Cuando un hidalgo, en el siglo pasado arruinaba con elegancia a su amante, su buena reputación ganaba muchos enteros. Si la amante así tratada, era una gran dama, y si era abandonada tan pronto como su bolsillo se vaciaba de tal forma que era reemplazada por otra que el seductor desvalijaba con la misma soltura y el mismo apetito, éste se convertía en un libertino, un hombre de moda, considerado, deseado, respetado, envidiado, saludado por todo el mundo, y complacido en  todos sus deseos por los poderosos y  las mujeres.

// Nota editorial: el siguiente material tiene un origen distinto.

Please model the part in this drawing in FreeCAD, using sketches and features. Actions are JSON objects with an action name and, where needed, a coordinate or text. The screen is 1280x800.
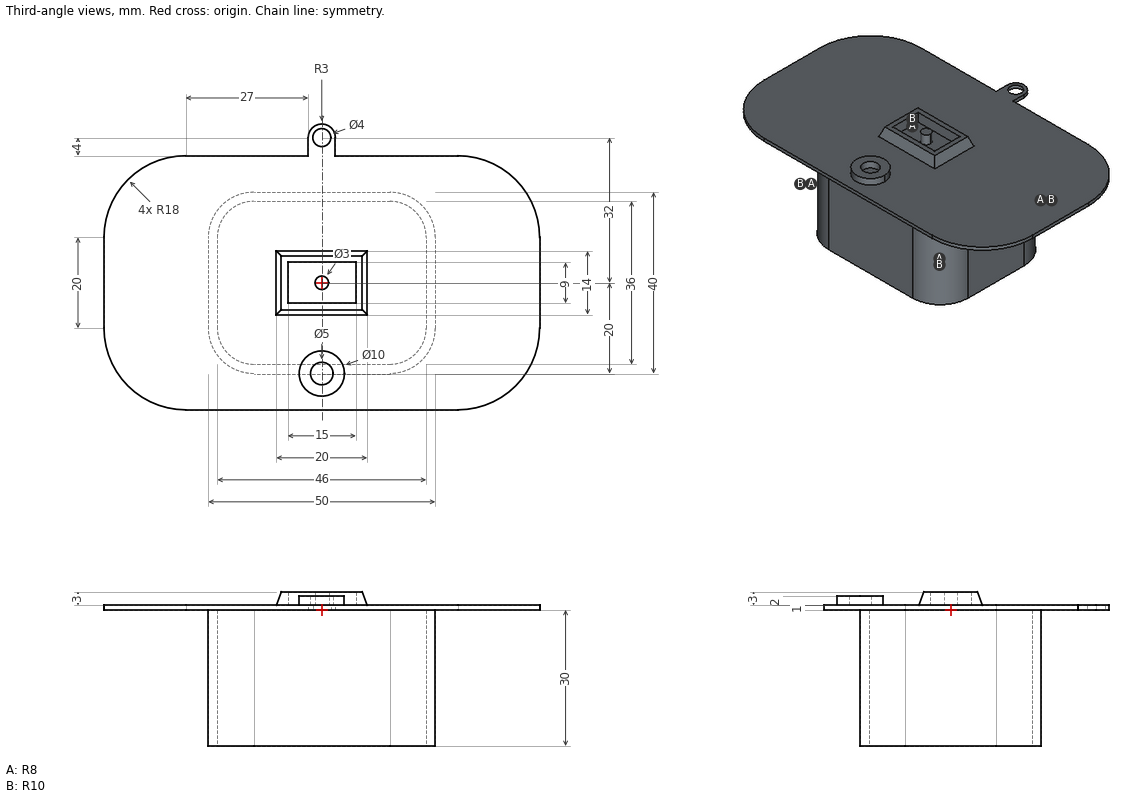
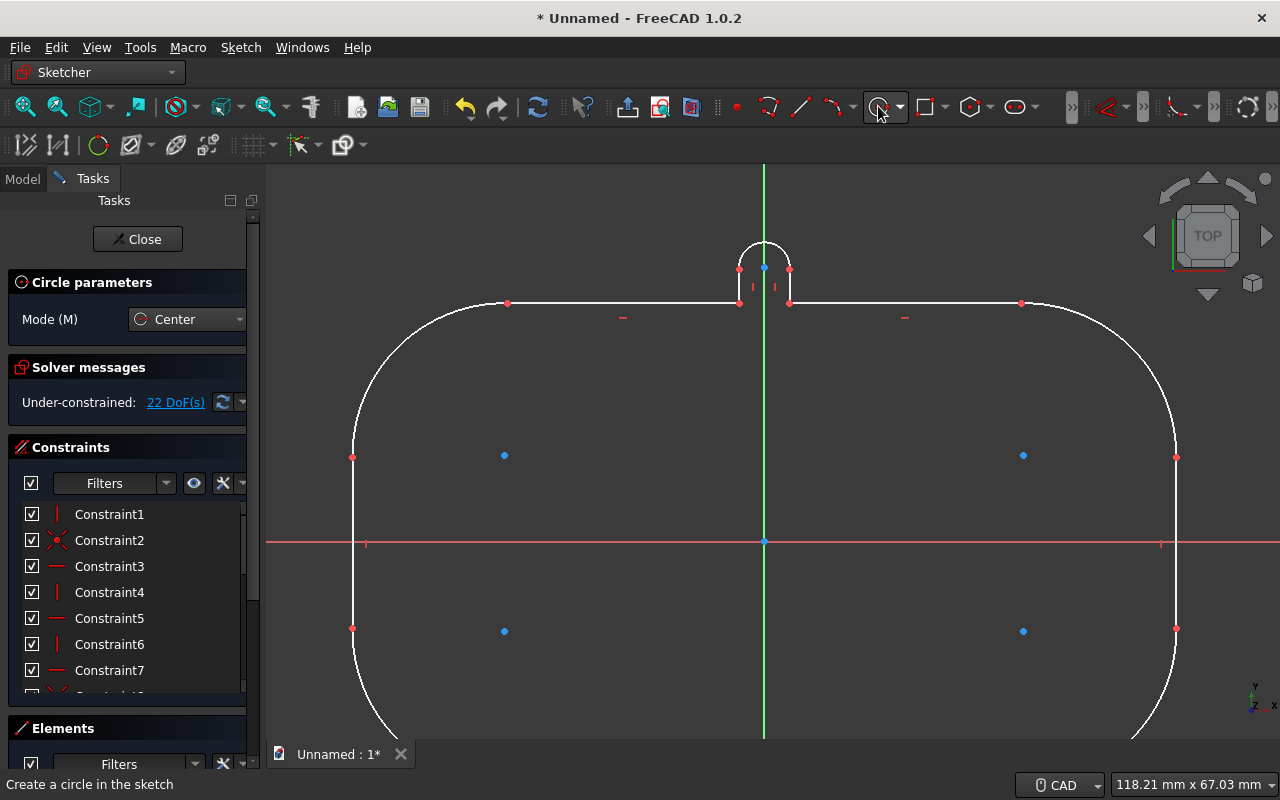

¡Ay! por desgracia, un siglo más tarde, la juventud, influenciada por los colegios, pregonando y practicando una moral muy diferente a la de aquellos ancianos viejos señores, exaltándose en nombre de estrictos principios, se lanza con furor sobre los pocos seres únicos que quedan  en la tradición del pasado, de nuestro gran pasado de aristocrática elegancia, y los arroja al agua para comprobar si nadan.
Y estas supuestas víctimas, estos descendientes de libertinos, aunque no acosados, son unos desgraciados, unos pobres desheredados por la Providencia, sin recursos sobre el pavimento de París, y nacidos con instinto de millonarios,  con necesidades de despilfarrar mal canalizadas por una indolencia natural que les aleja del trabajo.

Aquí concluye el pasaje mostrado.